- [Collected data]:
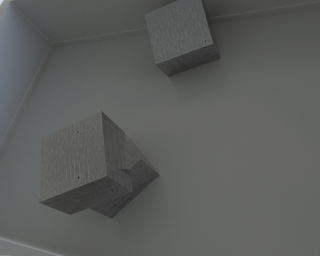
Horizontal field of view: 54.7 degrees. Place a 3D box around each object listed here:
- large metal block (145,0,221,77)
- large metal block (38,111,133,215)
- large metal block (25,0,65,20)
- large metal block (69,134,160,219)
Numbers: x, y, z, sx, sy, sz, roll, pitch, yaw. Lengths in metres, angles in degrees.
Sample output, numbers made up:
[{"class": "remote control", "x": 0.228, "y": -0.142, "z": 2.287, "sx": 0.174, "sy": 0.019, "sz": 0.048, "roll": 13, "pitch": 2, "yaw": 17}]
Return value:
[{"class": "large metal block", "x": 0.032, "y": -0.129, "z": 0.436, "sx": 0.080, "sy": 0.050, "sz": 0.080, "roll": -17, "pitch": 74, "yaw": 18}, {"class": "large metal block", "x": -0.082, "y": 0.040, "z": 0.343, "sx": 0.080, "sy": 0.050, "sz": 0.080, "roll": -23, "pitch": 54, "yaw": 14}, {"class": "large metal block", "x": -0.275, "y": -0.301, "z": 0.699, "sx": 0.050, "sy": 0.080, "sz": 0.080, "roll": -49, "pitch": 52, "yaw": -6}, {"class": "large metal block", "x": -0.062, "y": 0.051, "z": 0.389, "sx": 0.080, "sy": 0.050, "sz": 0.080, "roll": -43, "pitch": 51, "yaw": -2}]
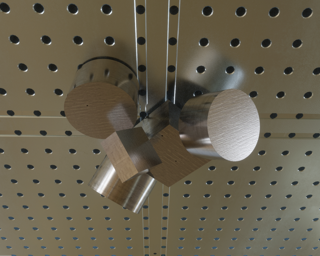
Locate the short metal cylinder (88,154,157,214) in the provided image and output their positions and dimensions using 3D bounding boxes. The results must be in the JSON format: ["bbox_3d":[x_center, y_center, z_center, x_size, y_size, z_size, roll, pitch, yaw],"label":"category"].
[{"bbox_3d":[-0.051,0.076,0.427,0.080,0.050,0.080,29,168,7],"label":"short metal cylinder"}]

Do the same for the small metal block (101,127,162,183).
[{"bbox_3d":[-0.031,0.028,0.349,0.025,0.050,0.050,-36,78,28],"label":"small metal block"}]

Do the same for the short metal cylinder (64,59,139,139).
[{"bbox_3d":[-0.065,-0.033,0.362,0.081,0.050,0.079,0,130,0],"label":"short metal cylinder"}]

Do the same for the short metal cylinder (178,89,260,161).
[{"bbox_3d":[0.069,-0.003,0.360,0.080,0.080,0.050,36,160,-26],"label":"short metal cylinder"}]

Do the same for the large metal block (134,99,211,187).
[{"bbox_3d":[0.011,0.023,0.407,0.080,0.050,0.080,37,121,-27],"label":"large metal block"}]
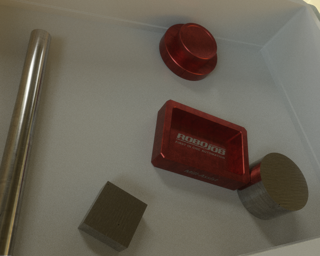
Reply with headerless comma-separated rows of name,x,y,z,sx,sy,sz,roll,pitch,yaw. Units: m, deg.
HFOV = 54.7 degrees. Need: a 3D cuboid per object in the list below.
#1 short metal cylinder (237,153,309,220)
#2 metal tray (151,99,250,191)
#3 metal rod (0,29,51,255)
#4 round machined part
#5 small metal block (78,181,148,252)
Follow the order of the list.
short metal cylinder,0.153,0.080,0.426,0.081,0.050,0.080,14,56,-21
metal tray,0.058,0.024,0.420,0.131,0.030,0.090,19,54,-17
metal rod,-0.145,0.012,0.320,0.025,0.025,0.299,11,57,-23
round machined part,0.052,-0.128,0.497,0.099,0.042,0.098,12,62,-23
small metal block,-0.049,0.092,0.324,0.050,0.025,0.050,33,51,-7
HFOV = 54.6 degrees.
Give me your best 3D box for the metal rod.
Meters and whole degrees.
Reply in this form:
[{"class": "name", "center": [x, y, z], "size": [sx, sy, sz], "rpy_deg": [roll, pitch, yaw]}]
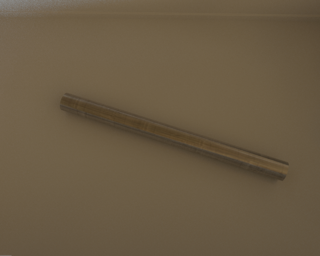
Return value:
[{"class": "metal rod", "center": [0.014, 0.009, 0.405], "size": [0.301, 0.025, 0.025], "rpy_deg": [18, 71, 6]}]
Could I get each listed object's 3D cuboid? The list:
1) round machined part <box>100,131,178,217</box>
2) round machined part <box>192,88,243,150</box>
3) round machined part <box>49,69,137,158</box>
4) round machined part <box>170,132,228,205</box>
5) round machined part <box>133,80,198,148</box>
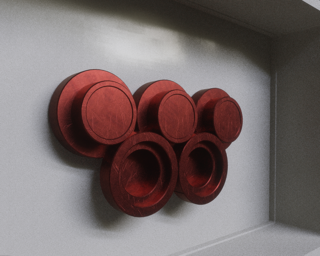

- [ASSIGNED TASK]:
Filter the entries above down to the lines that contain the word "degrees".

- [RESPONSE FOR THIS EXERCISE]:
Horizontal field of view: 54.7 degrees. Place a 3D box around each object listed here:
Numbers: x, y, z, sx, sy, sz, roll, pitch, yaw. Lengths in metres, angles in degrees.
HFOV = 54.7 degrees. Need: a 3D cuboid per object in the list below.
HFOV = 54.6 degrees.
Meters and whole degrees.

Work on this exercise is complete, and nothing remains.